Description
Our mission at Databricks is to simplify the data lifecycle from ingestion to ETL, BI, and all the way up to ML/AI with a unified platform.
To achieve this goal, we believe the data warehouse architecture as we know it today will be replaced by a new architectural pattern, Lakehouse, open platforms that unify data warehousing and advanced analytics.
A critical part of realizing this vision is the next generation (decoupled) query engine and structured storage system that can outperform specialized data warehouses in relational query performance, yet retain the expressiveness and of general purpose systems such as Apache Spark to support diverse workloads ranging from ETL to data science.

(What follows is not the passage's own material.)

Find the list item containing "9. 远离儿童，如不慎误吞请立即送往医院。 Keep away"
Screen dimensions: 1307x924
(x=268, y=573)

As part of this team, you will be working in one or more of the following areas to design and implement these next gen systems that leapfrog state-of-the-art:
- Query compilation and optimization
- Distributed query execution and scheduling
- Vectorized execution engine
- Data security
- Resource management
- Transaction coordination
- Efficient storage structures (encodings, indexes)

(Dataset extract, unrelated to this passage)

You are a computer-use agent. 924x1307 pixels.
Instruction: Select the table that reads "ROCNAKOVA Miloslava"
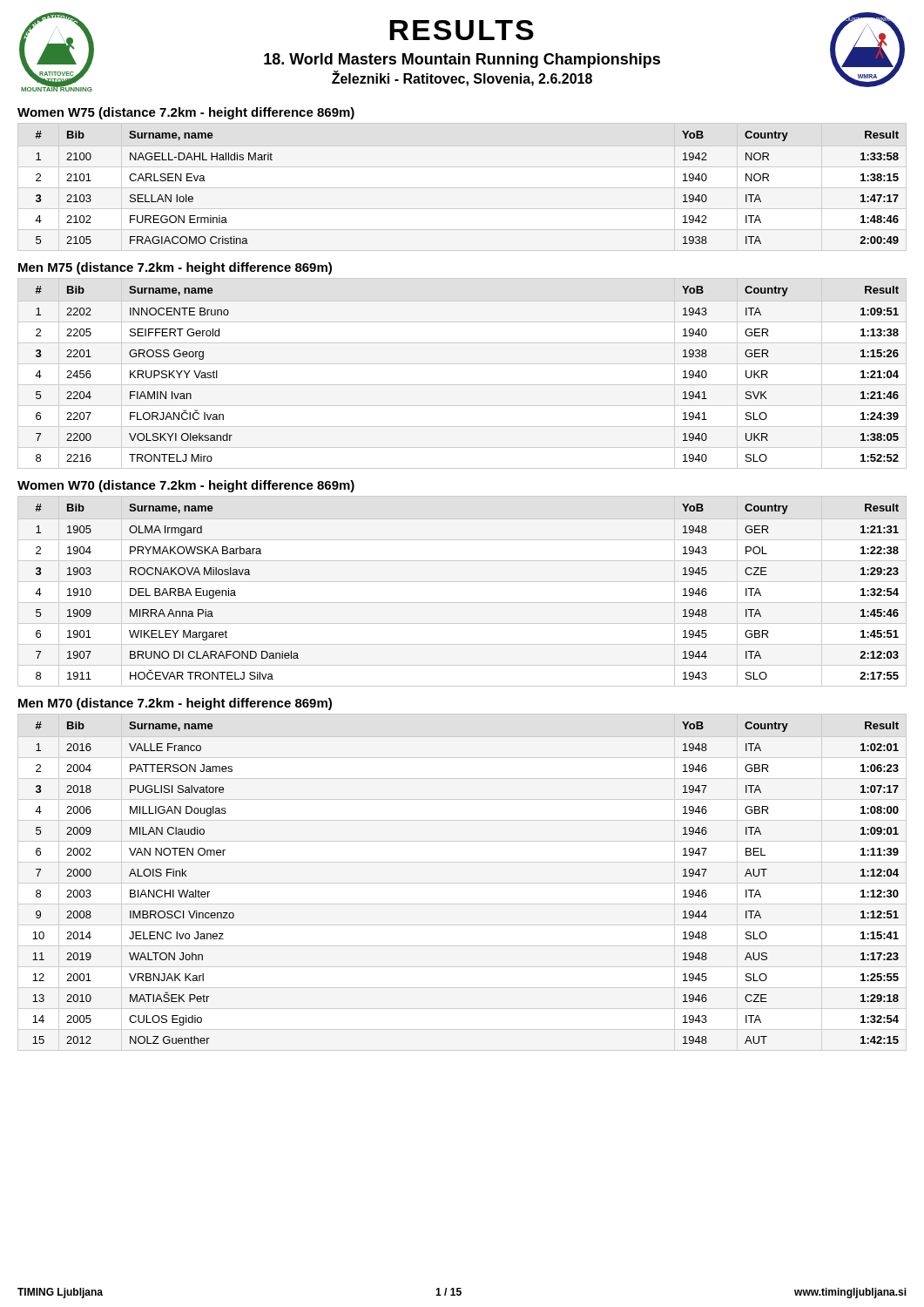coord(462,591)

- Automatic physical data optimization
We look for individuals with a passion for database systems, storage systems, distributed systems, language design, or performance optimization. You should have experience working towards a multi-year vision with incremental deliverables, motivated by delivering customer value and impact.
The pay range for this role is $192,000-$260,000 USD, and the total compensation package may also include eligibility for annual performance bonus, equity, and benefits.